**Task requirements**
As the output, give exactly the lines that run from the one with "Offer a very short reply. -2.83e+08." through the end of the records below, and omit pictures.

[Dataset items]
-*-

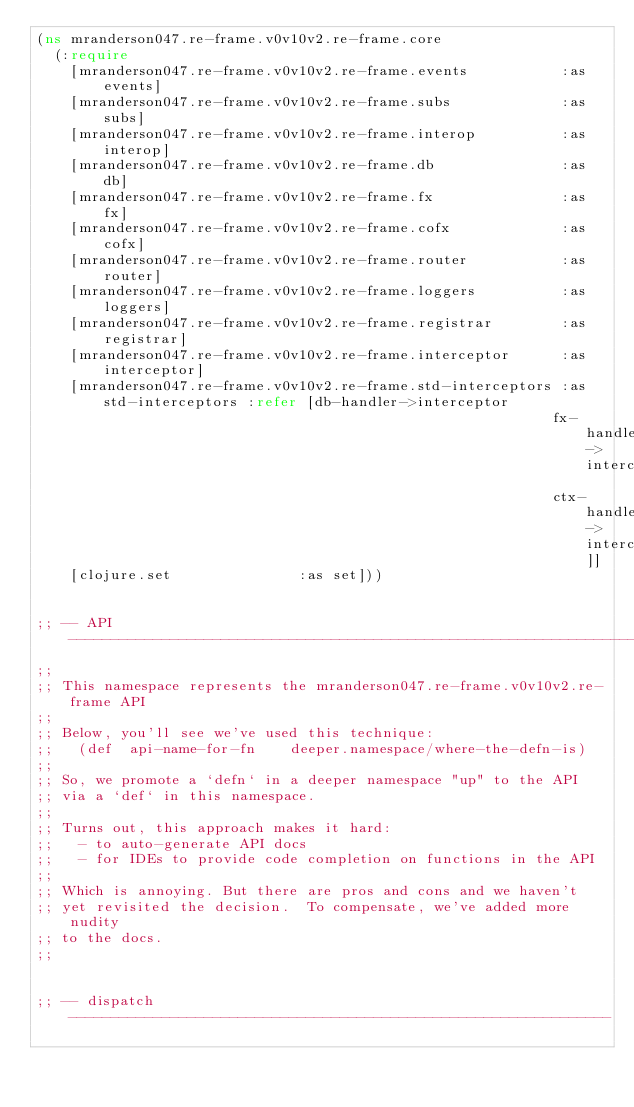Convert code to text. <code><loc_0><loc_0><loc_500><loc_500><_Clojure_>(ns mranderson047.re-frame.v0v10v2.re-frame.core
  (:require
    [mranderson047.re-frame.v0v10v2.re-frame.events           :as events]
    [mranderson047.re-frame.v0v10v2.re-frame.subs             :as subs]
    [mranderson047.re-frame.v0v10v2.re-frame.interop          :as interop]
    [mranderson047.re-frame.v0v10v2.re-frame.db               :as db]
    [mranderson047.re-frame.v0v10v2.re-frame.fx               :as fx]
    [mranderson047.re-frame.v0v10v2.re-frame.cofx             :as cofx]
    [mranderson047.re-frame.v0v10v2.re-frame.router           :as router]
    [mranderson047.re-frame.v0v10v2.re-frame.loggers          :as loggers]
    [mranderson047.re-frame.v0v10v2.re-frame.registrar        :as registrar]
    [mranderson047.re-frame.v0v10v2.re-frame.interceptor      :as interceptor]
    [mranderson047.re-frame.v0v10v2.re-frame.std-interceptors :as std-interceptors :refer [db-handler->interceptor
                                                             fx-handler->interceptor
                                                             ctx-handler->interceptor]]
    [clojure.set               :as set]))


;; -- API ---------------------------------------------------------------------
;;
;; This namespace represents the mranderson047.re-frame.v0v10v2.re-frame API
;;
;; Below, you'll see we've used this technique:
;;   (def  api-name-for-fn    deeper.namespace/where-the-defn-is)
;;
;; So, we promote a `defn` in a deeper namespace "up" to the API
;; via a `def` in this namespace.
;;
;; Turns out, this approach makes it hard:
;;   - to auto-generate API docs
;;   - for IDEs to provide code completion on functions in the API
;;
;; Which is annoying. But there are pros and cons and we haven't
;; yet revisited the decision.  To compensate, we've added more nudity
;; to the docs.
;;


;; -- dispatch ----------------------------------------------------------------</code> 
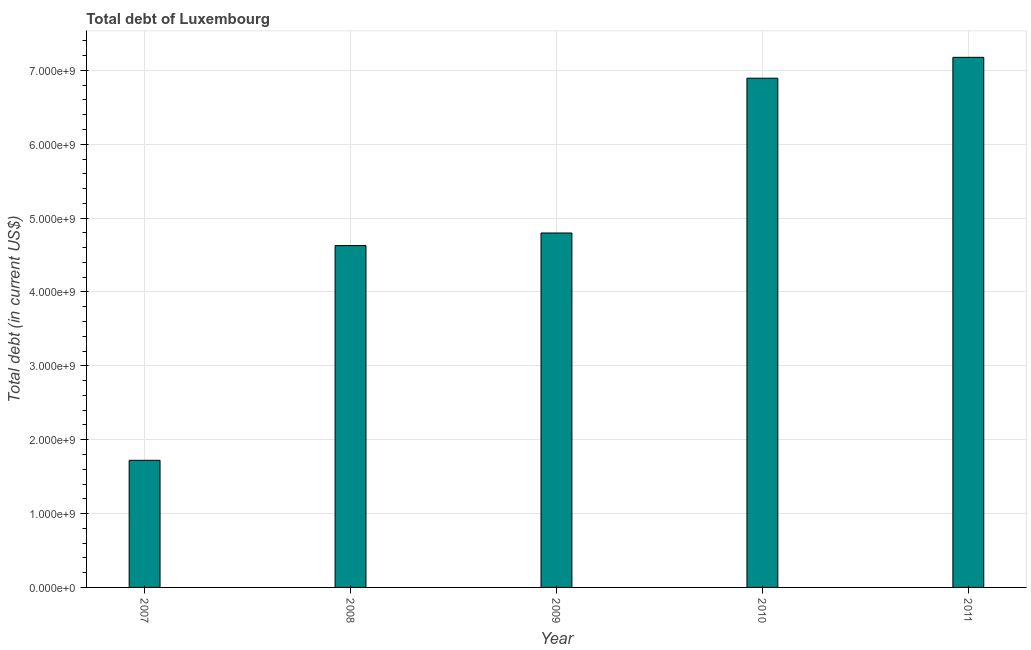What is the title of the graph?
Your answer should be compact. Total debt of Luxembourg. What is the label or title of the Y-axis?
Offer a very short reply. Total debt (in current US$). What is the total debt in 2009?
Provide a succinct answer. 4.80e+09. Across all years, what is the maximum total debt?
Offer a terse response. 7.18e+09. Across all years, what is the minimum total debt?
Provide a succinct answer. 1.72e+09. In which year was the total debt minimum?
Give a very brief answer. 2007. What is the sum of the total debt?
Offer a very short reply. 2.52e+1. What is the difference between the total debt in 2008 and 2010?
Your response must be concise. -2.27e+09. What is the average total debt per year?
Your answer should be compact. 5.04e+09. What is the median total debt?
Make the answer very short. 4.80e+09. Do a majority of the years between 2008 and 2011 (inclusive) have total debt greater than 6800000000 US$?
Your response must be concise. No. What is the ratio of the total debt in 2007 to that in 2009?
Ensure brevity in your answer.  0.36. Is the total debt in 2008 less than that in 2010?
Keep it short and to the point. Yes. What is the difference between the highest and the second highest total debt?
Ensure brevity in your answer.  2.83e+08. What is the difference between the highest and the lowest total debt?
Keep it short and to the point. 5.46e+09. Are all the bars in the graph horizontal?
Make the answer very short. No. Are the values on the major ticks of Y-axis written in scientific E-notation?
Your response must be concise. Yes. What is the Total debt (in current US$) in 2007?
Offer a very short reply. 1.72e+09. What is the Total debt (in current US$) of 2008?
Ensure brevity in your answer.  4.63e+09. What is the Total debt (in current US$) of 2009?
Keep it short and to the point. 4.80e+09. What is the Total debt (in current US$) of 2010?
Offer a very short reply. 6.89e+09. What is the Total debt (in current US$) of 2011?
Ensure brevity in your answer.  7.18e+09. What is the difference between the Total debt (in current US$) in 2007 and 2008?
Offer a terse response. -2.91e+09. What is the difference between the Total debt (in current US$) in 2007 and 2009?
Provide a short and direct response. -3.08e+09. What is the difference between the Total debt (in current US$) in 2007 and 2010?
Give a very brief answer. -5.17e+09. What is the difference between the Total debt (in current US$) in 2007 and 2011?
Provide a succinct answer. -5.46e+09. What is the difference between the Total debt (in current US$) in 2008 and 2009?
Make the answer very short. -1.70e+08. What is the difference between the Total debt (in current US$) in 2008 and 2010?
Offer a very short reply. -2.27e+09. What is the difference between the Total debt (in current US$) in 2008 and 2011?
Keep it short and to the point. -2.55e+09. What is the difference between the Total debt (in current US$) in 2009 and 2010?
Your response must be concise. -2.10e+09. What is the difference between the Total debt (in current US$) in 2009 and 2011?
Your answer should be compact. -2.38e+09. What is the difference between the Total debt (in current US$) in 2010 and 2011?
Offer a very short reply. -2.83e+08. What is the ratio of the Total debt (in current US$) in 2007 to that in 2008?
Provide a short and direct response. 0.37. What is the ratio of the Total debt (in current US$) in 2007 to that in 2009?
Your answer should be compact. 0.36. What is the ratio of the Total debt (in current US$) in 2007 to that in 2010?
Make the answer very short. 0.25. What is the ratio of the Total debt (in current US$) in 2007 to that in 2011?
Give a very brief answer. 0.24. What is the ratio of the Total debt (in current US$) in 2008 to that in 2010?
Your answer should be very brief. 0.67. What is the ratio of the Total debt (in current US$) in 2008 to that in 2011?
Give a very brief answer. 0.65. What is the ratio of the Total debt (in current US$) in 2009 to that in 2010?
Provide a short and direct response. 0.7. What is the ratio of the Total debt (in current US$) in 2009 to that in 2011?
Give a very brief answer. 0.67. What is the ratio of the Total debt (in current US$) in 2010 to that in 2011?
Provide a short and direct response. 0.96. 
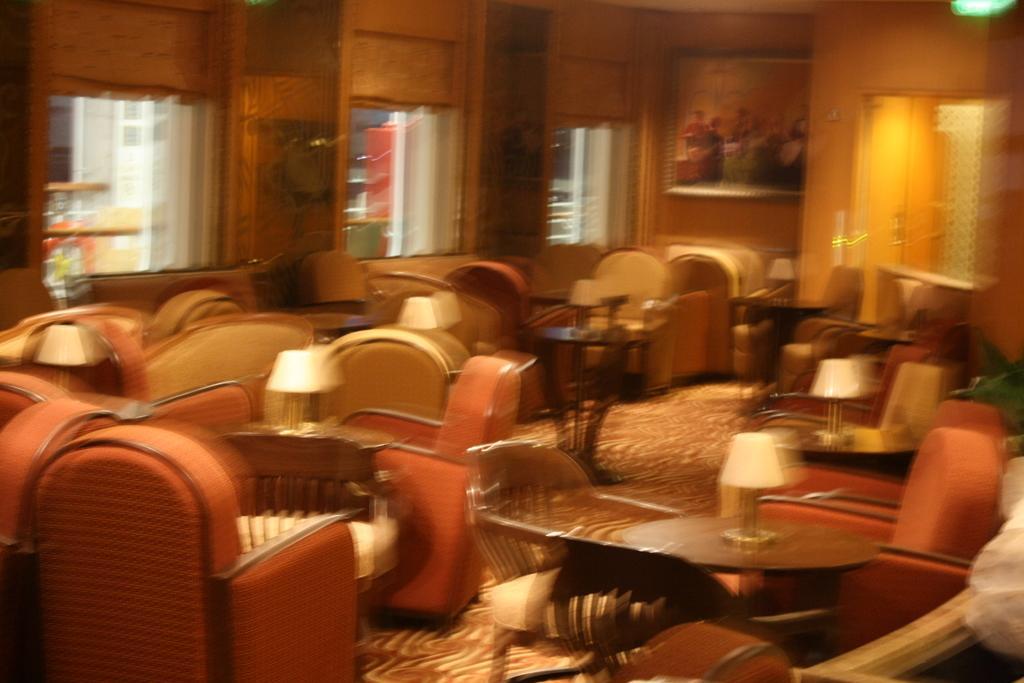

-*-

**Written solution**
Offer a very short reply. -2.83e+08. What is the ratio of the Total debt (in current US$) in 2007 to that in 2008?
Provide a short and direct response. 0.37. What is the ratio of the Total debt (in current US$) in 2007 to that in 2009?
Your answer should be compact. 0.36. What is the ratio of the Total debt (in current US$) in 2007 to that in 2010?
Make the answer very short. 0.25. What is the ratio of the Total debt (in current US$) in 2007 to that in 2011?
Give a very brief answer. 0.24. What is the ratio of the Total debt (in current US$) in 2008 to that in 2010?
Your answer should be very brief. 0.67. What is the ratio of the Total debt (in current US$) in 2008 to that in 2011?
Give a very brief answer. 0.65. What is the ratio of the Total debt (in current US$) in 2009 to that in 2010?
Provide a short and direct response. 0.7. What is the ratio of the Total debt (in current US$) in 2009 to that in 2011?
Give a very brief answer. 0.67. What is the ratio of the Total debt (in current US$) in 2010 to that in 2011?
Provide a short and direct response. 0.96. 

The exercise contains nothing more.